Data excerpts:

- Opening Delimiter -

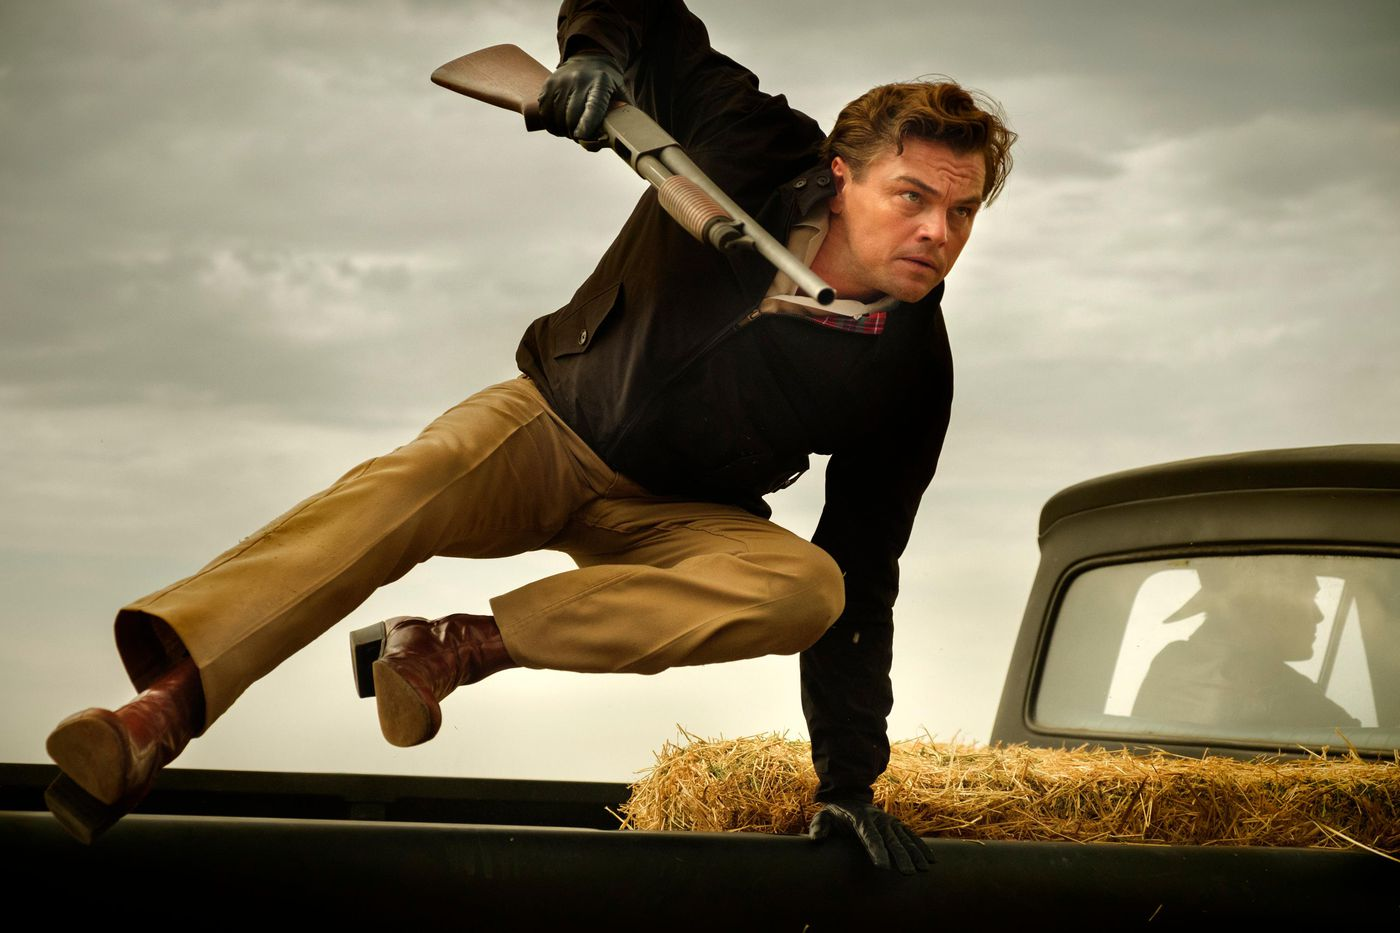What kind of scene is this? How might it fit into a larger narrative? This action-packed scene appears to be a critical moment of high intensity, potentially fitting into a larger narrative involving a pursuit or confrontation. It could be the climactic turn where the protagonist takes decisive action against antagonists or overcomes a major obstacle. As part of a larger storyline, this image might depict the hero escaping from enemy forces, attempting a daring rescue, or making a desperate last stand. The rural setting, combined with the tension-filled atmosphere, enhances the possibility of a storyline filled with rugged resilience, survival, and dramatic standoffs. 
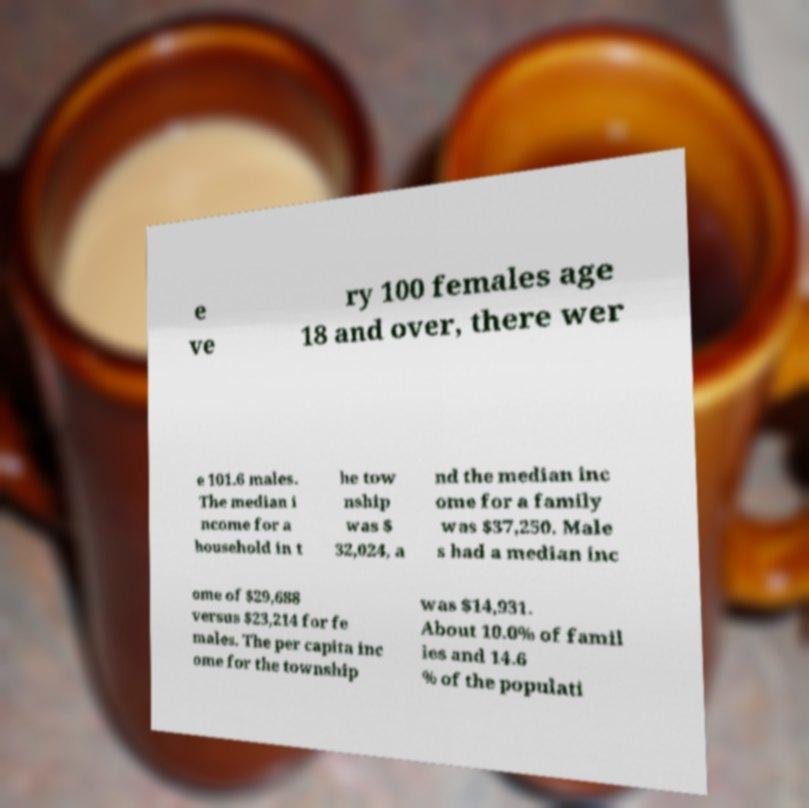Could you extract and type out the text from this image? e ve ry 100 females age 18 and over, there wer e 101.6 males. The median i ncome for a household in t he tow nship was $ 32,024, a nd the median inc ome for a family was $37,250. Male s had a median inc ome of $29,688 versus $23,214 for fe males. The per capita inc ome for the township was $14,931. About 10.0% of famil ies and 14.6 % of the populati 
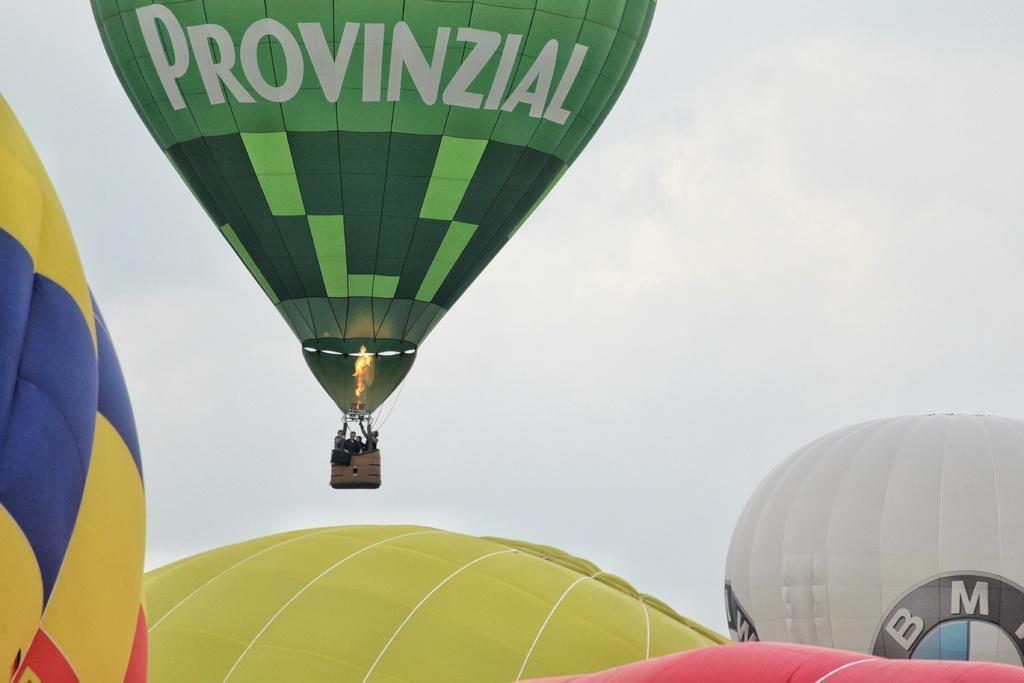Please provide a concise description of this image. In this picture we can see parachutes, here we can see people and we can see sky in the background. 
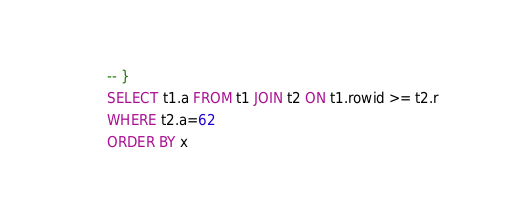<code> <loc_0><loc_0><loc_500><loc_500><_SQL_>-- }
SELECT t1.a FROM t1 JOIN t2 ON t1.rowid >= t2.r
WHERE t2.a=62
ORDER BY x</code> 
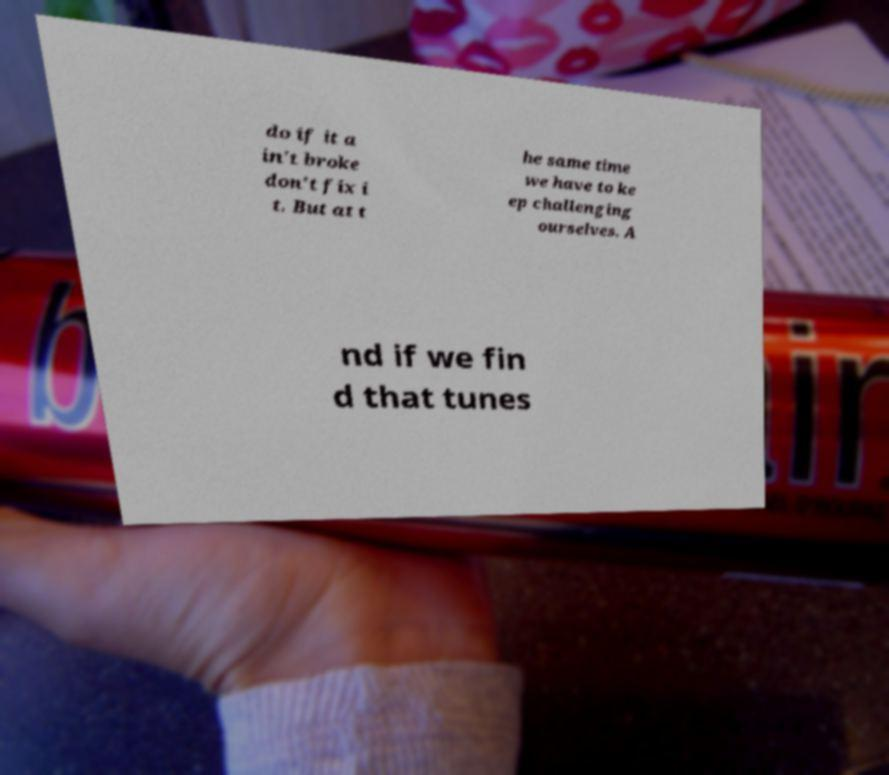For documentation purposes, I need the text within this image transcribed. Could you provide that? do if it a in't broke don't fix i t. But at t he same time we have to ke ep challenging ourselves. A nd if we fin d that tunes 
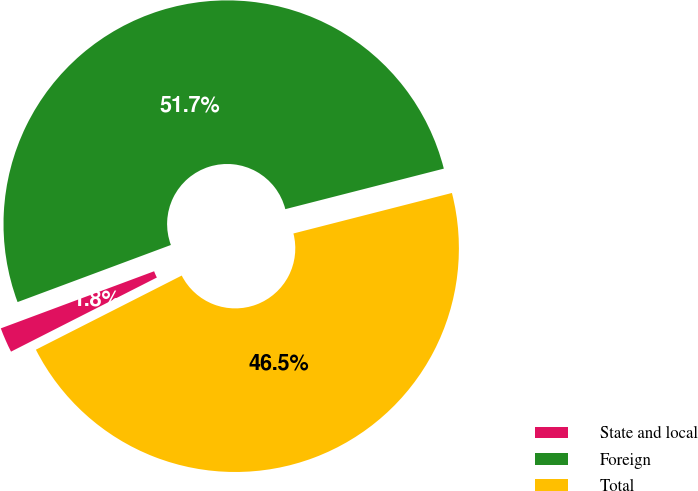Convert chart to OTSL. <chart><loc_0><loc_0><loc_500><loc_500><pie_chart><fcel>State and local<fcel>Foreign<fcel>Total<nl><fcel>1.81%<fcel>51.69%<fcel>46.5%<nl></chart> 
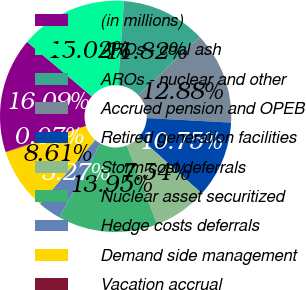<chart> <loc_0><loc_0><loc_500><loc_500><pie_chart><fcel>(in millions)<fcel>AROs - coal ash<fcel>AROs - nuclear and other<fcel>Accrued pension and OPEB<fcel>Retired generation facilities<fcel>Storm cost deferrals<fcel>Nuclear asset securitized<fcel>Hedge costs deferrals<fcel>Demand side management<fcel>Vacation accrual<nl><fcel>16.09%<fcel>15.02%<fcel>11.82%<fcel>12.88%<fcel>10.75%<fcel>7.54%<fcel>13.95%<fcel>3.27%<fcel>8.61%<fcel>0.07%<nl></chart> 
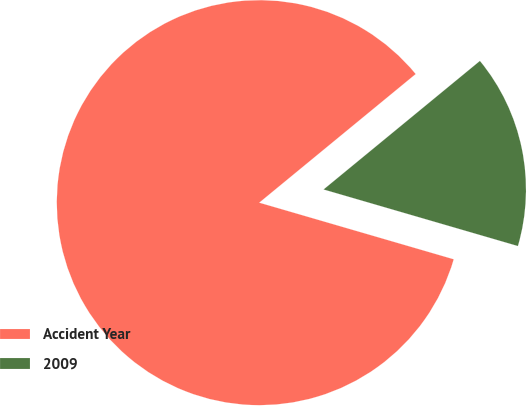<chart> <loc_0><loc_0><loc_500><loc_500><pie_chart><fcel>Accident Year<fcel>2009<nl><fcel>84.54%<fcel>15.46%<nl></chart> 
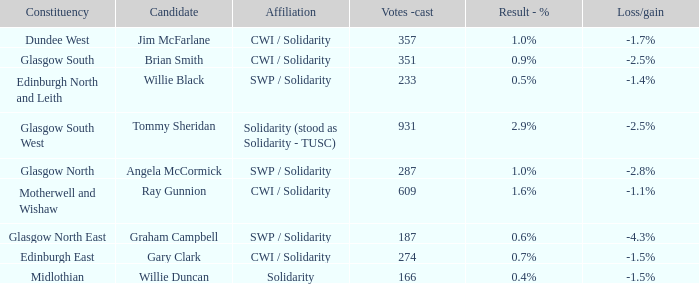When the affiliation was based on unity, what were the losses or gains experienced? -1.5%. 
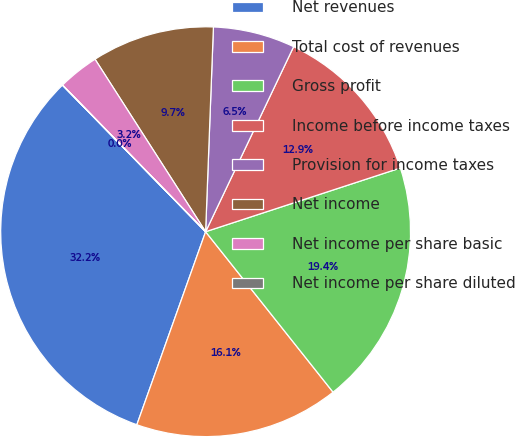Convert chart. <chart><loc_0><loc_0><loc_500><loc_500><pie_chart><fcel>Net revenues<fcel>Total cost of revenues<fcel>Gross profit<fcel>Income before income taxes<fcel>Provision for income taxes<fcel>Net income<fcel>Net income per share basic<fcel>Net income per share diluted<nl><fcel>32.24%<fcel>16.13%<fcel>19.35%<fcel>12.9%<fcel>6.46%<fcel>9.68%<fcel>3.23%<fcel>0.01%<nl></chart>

- Closing Delimiter -

* _EXERCISE OBJECTIVE_:
Start with the first line of the records above and end with the line containing "Could you extract". Output those lines exactly, pictures excluded.

* _ANSWER AREA_:
What kind of scene is this? How might it fit into a larger narrative? This action-packed scene appears to be a critical moment of high intensity, potentially fitting into a larger narrative involving a pursuit or confrontation. It could be the climactic turn where the protagonist takes decisive action against antagonists or overcomes a major obstacle. As part of a larger storyline, this image might depict the hero escaping from enemy forces, attempting a daring rescue, or making a desperate last stand. The rural setting, combined with the tension-filled atmosphere, enhances the possibility of a storyline filled with rugged resilience, survival, and dramatic standoffs. 
Could you extract and type out the text from this image? e ve ry 100 females age 18 and over, there wer e 101.6 males. The median i ncome for a household in t he tow nship was $ 32,024, a nd the median inc ome for a family was $37,250. Male s had a median inc ome of $29,688 versus $23,214 for fe males. The per capita inc ome for the township was $14,931. About 10.0% of famil ies and 14.6 % of the populati 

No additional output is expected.